Work order> Set down each record that follows exactly. Drop the images.

Information>
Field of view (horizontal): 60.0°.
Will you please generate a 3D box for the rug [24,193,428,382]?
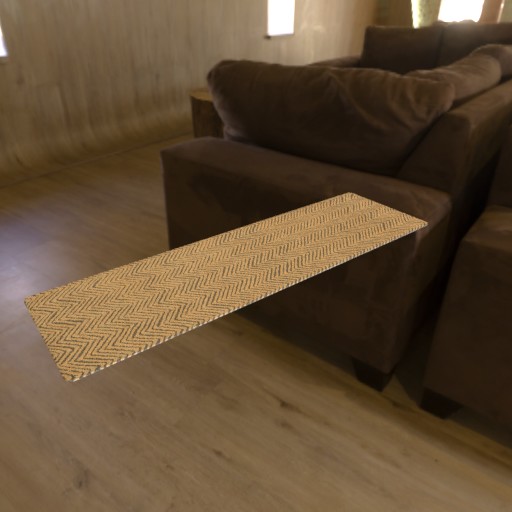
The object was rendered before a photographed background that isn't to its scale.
[{"bbox_3d":[0.000,0.000,2.485,2.286,0.008,0.686,-21,36,-32],"label":"rug"}]
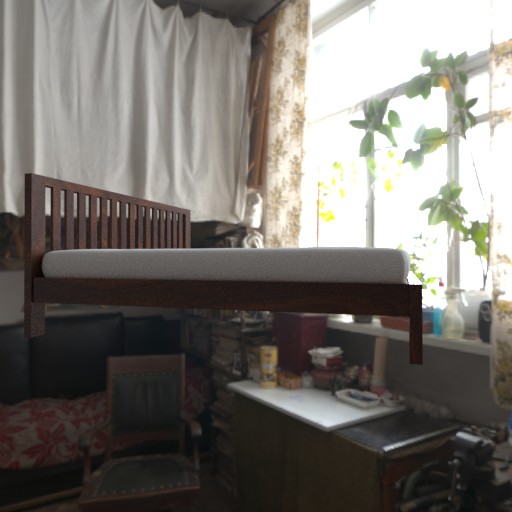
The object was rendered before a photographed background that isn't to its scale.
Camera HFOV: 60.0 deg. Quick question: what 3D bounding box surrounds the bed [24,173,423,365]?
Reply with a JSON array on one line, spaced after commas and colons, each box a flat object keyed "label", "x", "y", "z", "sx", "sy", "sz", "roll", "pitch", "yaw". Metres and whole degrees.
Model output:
[{"label": "bed", "x": 0.000, "y": 0.000, "z": 3.003, "sx": 2.030, "sy": 0.890, "sz": 1.905, "roll": 0, "pitch": 0, "yaw": 18}]

Expected answer>
Field of view (horizontal): 60.0°.
Will you please generate a 3D box for the rug [24,193,428,382]?
The object was rendered before a photographed background that isn't to its scale.
[{"bbox_3d":[0.000,0.000,2.485,2.286,0.008,0.686,-21,36,-32],"label":"rug"}]
The object was rendered before a photographed background that isn't to its scale.
Camera HFOV: 60.0 deg. Quick question: what 3D bounding box surrounds the bed [24,173,423,365]?
Reply with a JSON array on one line, spaced after commas and colons, each box a flat object keyed "label", "x", "y", "z", "sx", "sy", "sz", "roll", "pitch", "yaw". Metres and whole degrees.
Model output:
[{"label": "bed", "x": 0.000, "y": 0.000, "z": 3.003, "sx": 2.030, "sy": 0.890, "sz": 1.905, "roll": 0, "pitch": 0, "yaw": 18}]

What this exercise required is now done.